- Exercise brief -
From the entries below, return exactly the lines beginning at the one that contains "#8 clip (517,415,609,482)" and ending at the one that contains "euler: [roll, pitch, yaw]", both of them included, and only those lines.

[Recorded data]
== Segment start ==
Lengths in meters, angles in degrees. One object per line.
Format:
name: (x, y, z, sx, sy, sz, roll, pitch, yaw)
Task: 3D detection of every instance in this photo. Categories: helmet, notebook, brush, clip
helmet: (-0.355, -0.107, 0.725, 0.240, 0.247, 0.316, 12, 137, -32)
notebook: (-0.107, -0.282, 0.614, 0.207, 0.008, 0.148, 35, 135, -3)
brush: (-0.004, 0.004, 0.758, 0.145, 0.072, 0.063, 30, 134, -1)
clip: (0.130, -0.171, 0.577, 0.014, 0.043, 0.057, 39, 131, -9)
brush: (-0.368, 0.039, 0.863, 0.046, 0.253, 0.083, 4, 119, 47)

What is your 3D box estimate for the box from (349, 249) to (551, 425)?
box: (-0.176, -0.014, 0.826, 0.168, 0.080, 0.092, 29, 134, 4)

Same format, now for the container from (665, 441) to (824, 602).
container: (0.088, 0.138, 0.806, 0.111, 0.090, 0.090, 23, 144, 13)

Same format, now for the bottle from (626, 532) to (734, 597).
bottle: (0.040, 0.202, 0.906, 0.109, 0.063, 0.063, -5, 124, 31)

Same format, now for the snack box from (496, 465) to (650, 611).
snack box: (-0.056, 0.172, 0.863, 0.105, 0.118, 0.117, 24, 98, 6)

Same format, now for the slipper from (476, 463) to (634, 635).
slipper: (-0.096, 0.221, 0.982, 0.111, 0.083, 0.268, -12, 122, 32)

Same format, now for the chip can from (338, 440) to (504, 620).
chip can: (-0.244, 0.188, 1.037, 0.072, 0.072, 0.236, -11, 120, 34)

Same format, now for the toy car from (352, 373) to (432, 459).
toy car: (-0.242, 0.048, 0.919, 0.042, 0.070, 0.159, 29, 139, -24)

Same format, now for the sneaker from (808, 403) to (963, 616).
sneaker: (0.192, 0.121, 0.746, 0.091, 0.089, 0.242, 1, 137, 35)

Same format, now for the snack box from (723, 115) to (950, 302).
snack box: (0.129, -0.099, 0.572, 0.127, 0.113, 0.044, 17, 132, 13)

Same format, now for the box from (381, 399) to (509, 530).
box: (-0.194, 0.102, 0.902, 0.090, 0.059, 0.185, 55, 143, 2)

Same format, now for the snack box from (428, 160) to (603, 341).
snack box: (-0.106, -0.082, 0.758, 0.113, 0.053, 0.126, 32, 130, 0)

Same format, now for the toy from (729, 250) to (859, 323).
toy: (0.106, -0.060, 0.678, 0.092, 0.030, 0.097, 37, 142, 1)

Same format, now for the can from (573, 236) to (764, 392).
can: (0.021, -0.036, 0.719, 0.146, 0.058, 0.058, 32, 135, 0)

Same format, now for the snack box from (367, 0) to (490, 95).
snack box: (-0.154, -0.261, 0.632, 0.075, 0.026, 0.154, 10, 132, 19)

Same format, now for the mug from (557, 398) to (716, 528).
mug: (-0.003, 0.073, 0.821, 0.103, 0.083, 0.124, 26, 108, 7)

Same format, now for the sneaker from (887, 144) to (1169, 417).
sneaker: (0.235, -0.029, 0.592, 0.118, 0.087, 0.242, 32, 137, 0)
== Segment end ==
== Segment start ==
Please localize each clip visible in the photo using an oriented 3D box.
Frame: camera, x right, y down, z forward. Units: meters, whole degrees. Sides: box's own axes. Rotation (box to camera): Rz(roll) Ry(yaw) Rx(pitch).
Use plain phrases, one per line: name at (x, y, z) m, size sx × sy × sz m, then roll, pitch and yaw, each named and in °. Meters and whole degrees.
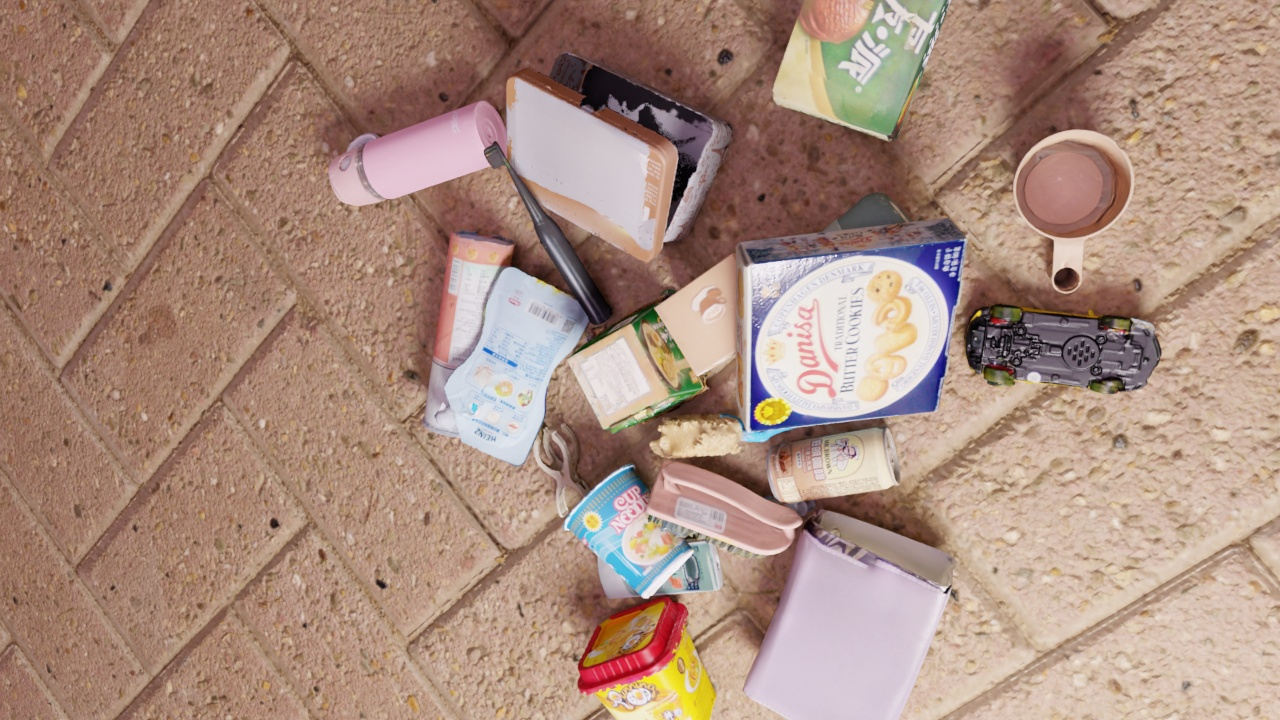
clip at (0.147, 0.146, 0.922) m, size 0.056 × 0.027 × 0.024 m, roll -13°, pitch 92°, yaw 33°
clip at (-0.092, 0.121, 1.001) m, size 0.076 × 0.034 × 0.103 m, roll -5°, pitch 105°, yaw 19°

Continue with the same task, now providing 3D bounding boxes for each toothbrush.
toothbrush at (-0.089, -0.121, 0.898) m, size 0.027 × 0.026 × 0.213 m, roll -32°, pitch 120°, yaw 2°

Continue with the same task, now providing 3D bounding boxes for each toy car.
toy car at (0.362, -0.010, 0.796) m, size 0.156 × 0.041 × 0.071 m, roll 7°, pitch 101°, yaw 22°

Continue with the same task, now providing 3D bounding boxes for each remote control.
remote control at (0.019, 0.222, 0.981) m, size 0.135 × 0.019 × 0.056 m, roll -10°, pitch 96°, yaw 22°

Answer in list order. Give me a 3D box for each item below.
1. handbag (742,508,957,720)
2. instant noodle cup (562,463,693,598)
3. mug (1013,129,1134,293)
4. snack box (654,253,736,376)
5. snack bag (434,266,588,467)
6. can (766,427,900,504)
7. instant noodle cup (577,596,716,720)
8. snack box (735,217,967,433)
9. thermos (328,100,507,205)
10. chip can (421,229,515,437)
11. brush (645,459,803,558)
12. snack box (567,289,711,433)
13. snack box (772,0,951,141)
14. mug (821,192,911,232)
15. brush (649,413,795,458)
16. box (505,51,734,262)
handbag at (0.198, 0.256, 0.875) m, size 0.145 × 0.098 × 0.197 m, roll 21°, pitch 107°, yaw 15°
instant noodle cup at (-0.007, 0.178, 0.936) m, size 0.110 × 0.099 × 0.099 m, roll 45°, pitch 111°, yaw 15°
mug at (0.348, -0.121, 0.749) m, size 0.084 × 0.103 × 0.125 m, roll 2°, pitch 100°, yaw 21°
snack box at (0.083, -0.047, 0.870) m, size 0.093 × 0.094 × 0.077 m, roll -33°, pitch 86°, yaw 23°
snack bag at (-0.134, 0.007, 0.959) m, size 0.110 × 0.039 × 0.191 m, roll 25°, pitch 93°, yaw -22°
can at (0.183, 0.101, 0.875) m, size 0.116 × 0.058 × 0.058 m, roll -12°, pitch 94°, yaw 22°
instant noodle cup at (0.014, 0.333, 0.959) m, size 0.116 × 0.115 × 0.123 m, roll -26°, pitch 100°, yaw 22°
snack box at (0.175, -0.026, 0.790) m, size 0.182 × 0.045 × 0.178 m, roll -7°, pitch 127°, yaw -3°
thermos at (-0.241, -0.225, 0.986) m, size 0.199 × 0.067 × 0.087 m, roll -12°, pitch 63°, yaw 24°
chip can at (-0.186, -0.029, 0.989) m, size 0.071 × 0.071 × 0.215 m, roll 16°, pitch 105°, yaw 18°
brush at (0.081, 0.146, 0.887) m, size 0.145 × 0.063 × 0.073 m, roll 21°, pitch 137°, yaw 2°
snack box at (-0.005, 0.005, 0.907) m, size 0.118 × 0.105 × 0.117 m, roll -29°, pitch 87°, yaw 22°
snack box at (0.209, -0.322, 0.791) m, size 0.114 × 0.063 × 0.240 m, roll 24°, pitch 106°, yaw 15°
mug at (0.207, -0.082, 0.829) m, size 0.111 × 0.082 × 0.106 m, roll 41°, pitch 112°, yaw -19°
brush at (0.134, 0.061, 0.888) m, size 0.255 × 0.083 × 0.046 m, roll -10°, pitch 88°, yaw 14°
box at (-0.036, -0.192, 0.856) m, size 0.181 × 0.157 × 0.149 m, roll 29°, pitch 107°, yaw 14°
== Segment end ==
== Segment start ==
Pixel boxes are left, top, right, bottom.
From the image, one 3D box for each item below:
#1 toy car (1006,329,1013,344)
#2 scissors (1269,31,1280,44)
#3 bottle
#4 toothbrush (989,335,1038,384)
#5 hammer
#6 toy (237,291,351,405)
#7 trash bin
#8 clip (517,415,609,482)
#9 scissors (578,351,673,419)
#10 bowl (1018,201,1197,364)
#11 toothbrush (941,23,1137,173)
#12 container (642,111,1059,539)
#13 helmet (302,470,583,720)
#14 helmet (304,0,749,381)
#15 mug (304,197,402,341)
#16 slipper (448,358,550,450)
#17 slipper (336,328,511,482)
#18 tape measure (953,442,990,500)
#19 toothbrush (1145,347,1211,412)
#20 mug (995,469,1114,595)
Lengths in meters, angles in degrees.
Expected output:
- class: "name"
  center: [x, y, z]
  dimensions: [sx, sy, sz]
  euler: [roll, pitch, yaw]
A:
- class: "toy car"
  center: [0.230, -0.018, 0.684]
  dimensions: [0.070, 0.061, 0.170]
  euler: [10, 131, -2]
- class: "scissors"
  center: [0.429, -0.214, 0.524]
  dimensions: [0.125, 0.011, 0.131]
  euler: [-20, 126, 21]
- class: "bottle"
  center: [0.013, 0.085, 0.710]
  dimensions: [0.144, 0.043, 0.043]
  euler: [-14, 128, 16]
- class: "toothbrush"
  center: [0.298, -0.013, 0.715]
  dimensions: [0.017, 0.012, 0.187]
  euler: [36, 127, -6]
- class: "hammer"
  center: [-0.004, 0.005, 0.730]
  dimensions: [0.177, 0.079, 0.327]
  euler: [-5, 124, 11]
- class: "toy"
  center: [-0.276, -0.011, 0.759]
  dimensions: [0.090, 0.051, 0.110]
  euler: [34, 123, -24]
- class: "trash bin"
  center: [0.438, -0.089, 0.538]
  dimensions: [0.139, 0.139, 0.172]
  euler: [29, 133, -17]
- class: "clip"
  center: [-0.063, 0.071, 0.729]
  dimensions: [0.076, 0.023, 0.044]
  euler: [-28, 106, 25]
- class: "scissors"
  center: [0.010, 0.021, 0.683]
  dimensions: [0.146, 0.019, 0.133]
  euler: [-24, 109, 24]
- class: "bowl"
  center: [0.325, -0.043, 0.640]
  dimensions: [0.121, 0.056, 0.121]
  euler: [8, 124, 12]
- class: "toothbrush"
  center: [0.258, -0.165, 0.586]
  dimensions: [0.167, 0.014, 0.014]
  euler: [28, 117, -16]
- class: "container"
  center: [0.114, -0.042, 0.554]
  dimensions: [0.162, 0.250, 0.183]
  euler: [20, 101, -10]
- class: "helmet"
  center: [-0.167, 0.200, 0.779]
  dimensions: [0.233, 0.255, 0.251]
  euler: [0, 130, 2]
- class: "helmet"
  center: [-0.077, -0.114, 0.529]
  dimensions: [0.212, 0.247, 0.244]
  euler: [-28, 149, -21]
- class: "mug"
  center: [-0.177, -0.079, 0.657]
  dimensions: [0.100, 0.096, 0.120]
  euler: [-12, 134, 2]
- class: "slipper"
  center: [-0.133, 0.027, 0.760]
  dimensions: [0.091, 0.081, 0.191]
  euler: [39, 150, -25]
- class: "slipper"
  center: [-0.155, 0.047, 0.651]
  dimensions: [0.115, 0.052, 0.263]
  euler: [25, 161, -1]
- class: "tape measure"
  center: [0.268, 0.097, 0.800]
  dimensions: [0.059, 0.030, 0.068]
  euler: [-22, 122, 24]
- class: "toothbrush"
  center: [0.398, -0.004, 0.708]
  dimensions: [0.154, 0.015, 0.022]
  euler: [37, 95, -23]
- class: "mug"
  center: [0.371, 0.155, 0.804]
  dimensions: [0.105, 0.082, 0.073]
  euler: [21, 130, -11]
== Segment end ==
- Exercise response -
#8 clip (517,415,609,482)
#9 scissors (578,351,673,419)
#10 bowl (1018,201,1197,364)
#11 toothbrush (941,23,1137,173)
#12 container (642,111,1059,539)
#13 helmet (302,470,583,720)
#14 helmet (304,0,749,381)
#15 mug (304,197,402,341)
#16 slipper (448,358,550,450)
#17 slipper (336,328,511,482)
#18 tape measure (953,442,990,500)
#19 toothbrush (1145,347,1211,412)
#20 mug (995,469,1114,595)
Lengths in meters, angles in degrees.
Expected output:
- class: "name"
  center: [x, y, z]
  dimensions: [sx, sy, sz]
  euler: [roll, pitch, yaw]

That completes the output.